§ Work to be completed
Though the records contain pictures, copy none of them; repeat exactly the lines from the one with "Follow the order of the list." to the end.

______

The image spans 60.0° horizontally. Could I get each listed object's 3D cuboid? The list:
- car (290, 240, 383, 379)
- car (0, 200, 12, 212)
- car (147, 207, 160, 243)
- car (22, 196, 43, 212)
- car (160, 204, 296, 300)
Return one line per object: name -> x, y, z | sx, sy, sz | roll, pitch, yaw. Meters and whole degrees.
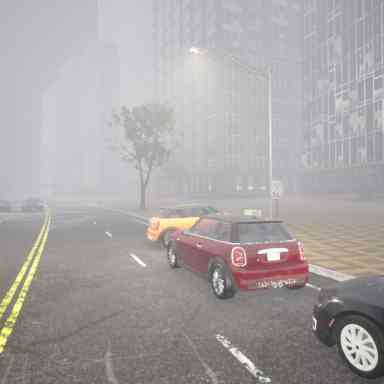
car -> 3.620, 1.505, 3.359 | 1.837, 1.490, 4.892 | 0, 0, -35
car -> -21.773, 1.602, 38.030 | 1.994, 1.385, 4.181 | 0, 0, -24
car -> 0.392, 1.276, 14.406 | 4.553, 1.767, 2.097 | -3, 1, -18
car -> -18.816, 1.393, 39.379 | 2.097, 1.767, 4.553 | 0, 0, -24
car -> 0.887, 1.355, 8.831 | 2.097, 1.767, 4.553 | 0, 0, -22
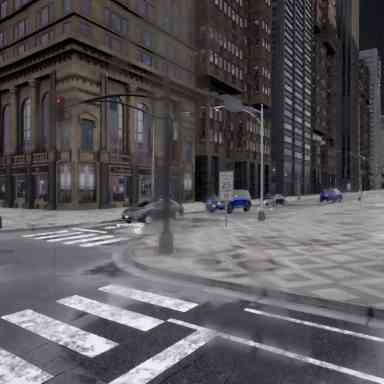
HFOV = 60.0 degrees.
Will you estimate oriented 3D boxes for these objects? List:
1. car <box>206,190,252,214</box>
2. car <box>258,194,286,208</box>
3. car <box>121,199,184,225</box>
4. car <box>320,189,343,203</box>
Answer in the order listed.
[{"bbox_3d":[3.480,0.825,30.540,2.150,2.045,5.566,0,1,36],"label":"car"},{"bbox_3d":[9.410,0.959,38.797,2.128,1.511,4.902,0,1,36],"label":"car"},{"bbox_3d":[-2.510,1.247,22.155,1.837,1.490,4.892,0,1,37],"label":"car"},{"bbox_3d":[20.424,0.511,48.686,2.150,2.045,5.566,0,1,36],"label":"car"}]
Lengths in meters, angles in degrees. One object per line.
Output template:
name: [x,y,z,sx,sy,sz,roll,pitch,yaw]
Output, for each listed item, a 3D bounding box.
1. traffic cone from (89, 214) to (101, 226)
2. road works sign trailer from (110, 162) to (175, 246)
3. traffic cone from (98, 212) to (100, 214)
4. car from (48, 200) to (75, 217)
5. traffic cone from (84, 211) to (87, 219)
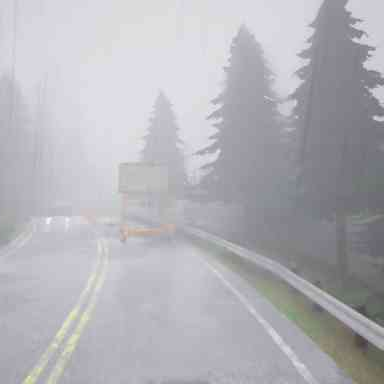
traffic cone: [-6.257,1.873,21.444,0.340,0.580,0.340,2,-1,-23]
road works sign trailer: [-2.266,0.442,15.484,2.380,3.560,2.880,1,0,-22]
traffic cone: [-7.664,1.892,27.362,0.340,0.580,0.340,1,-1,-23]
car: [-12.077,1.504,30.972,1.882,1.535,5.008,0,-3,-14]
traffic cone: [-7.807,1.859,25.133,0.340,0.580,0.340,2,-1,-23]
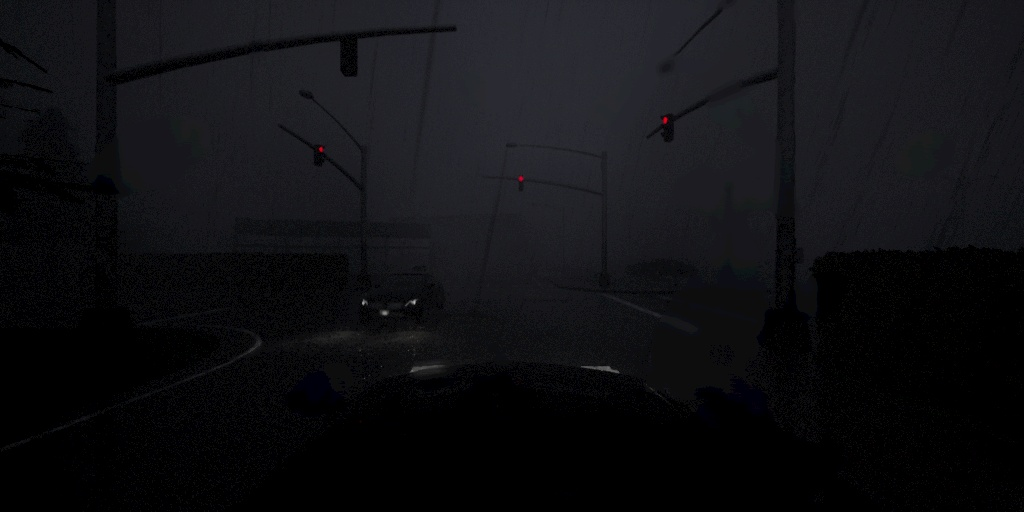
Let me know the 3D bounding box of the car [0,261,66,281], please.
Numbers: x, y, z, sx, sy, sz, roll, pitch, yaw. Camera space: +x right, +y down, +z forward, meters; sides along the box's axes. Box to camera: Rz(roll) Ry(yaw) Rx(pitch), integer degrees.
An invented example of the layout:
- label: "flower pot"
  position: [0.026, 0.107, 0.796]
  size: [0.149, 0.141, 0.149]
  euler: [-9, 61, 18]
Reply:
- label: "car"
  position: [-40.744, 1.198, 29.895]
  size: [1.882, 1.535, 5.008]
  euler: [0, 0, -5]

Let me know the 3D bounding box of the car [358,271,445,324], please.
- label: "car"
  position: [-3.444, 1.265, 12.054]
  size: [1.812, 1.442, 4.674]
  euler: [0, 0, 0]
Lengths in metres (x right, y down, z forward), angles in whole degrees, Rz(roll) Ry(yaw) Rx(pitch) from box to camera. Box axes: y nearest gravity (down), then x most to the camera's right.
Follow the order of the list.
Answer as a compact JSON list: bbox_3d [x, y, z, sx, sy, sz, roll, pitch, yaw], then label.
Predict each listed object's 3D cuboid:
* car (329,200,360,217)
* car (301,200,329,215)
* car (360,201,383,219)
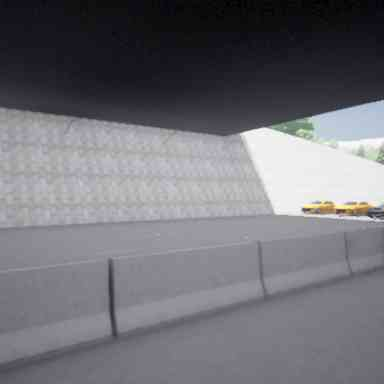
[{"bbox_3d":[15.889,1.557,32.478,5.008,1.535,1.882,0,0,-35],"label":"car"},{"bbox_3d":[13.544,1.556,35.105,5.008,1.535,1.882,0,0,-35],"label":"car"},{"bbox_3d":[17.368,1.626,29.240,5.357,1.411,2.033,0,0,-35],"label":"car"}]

______

§ Output
Follow the order of the list.
Answer as a compact JSON list: bbox_3d [x, y, z, sx, sy, sz, roll, pitch, yaw], then label.
Predict each listed object's 3D cuboid:
* car (329,200,360,217)
* car (301,200,329,215)
* car (360,201,383,219)
[{"bbox_3d":[15.889,1.557,32.478,5.008,1.535,1.882,0,0,-35],"label":"car"},{"bbox_3d":[13.544,1.556,35.105,5.008,1.535,1.882,0,0,-35],"label":"car"},{"bbox_3d":[17.368,1.626,29.240,5.357,1.411,2.033,0,0,-35],"label":"car"}]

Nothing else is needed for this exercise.